Defining system
The default bonding information stored in the code is based on corner-sharing lead halide perovskites. For other perovskite systems, you may need to define the specific bonding information for that system. You can do that by defining a dict and pass it to the system_overwrite option. The details of how to construct such info is explained in the code piece below. Here we showed an example for a 1D BaTiS3 perovskite structure.
The code provides a function system_test to calculate appropriate values for you, which can be called after the Trajectory object is initialized.
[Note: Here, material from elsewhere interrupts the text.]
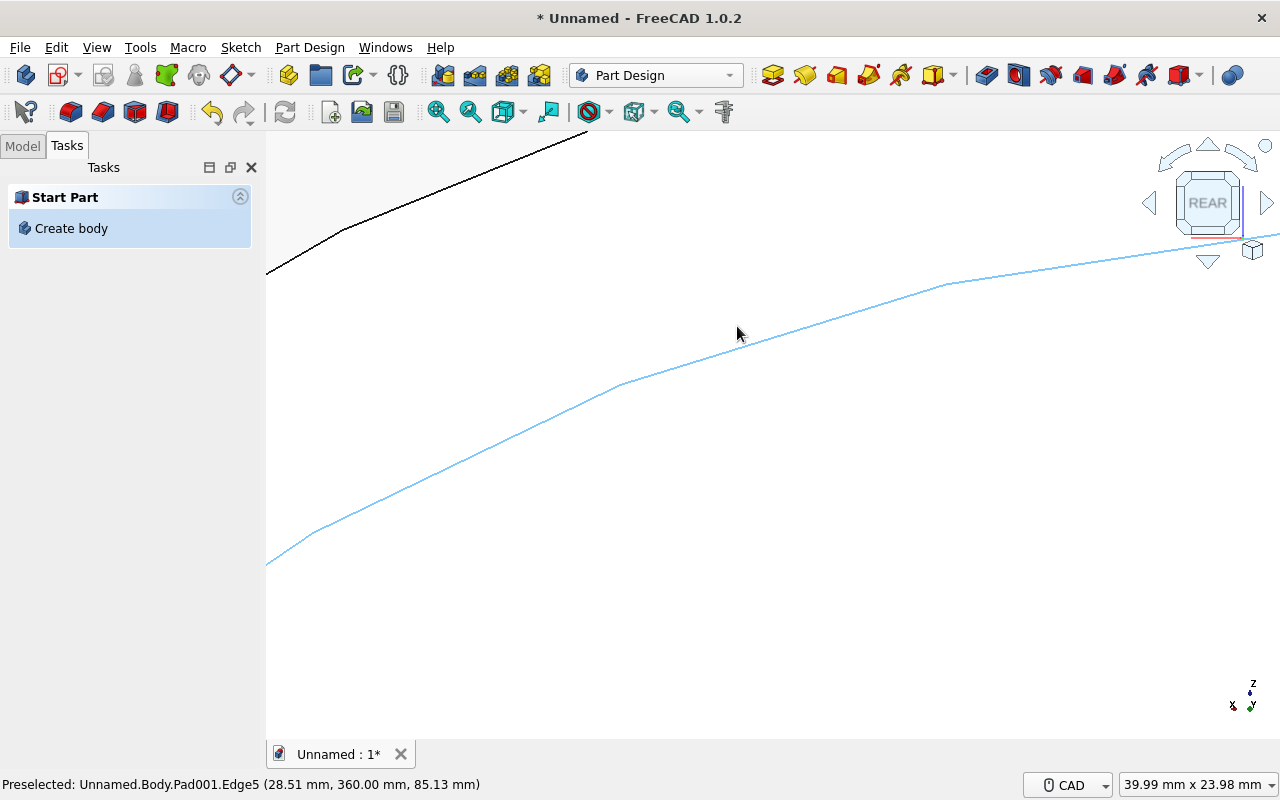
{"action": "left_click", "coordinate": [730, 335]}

The bonding information should look like:
where the values of each pair [[a,b], [c,d]] being:
a: lower bound of a range of distance that covers both and only NN1 and NN2
b: upper bound of a range of distance that covers both and only NN1 and NN2
c: NN1 distance of the connected pair
d: NN2 distance of the connected pair
from pdyna.core import Trajectory
MDtup = (200,200,1,20000) # (T_initlal, T_final, timestep, nblock in VASP or equally recording frequency)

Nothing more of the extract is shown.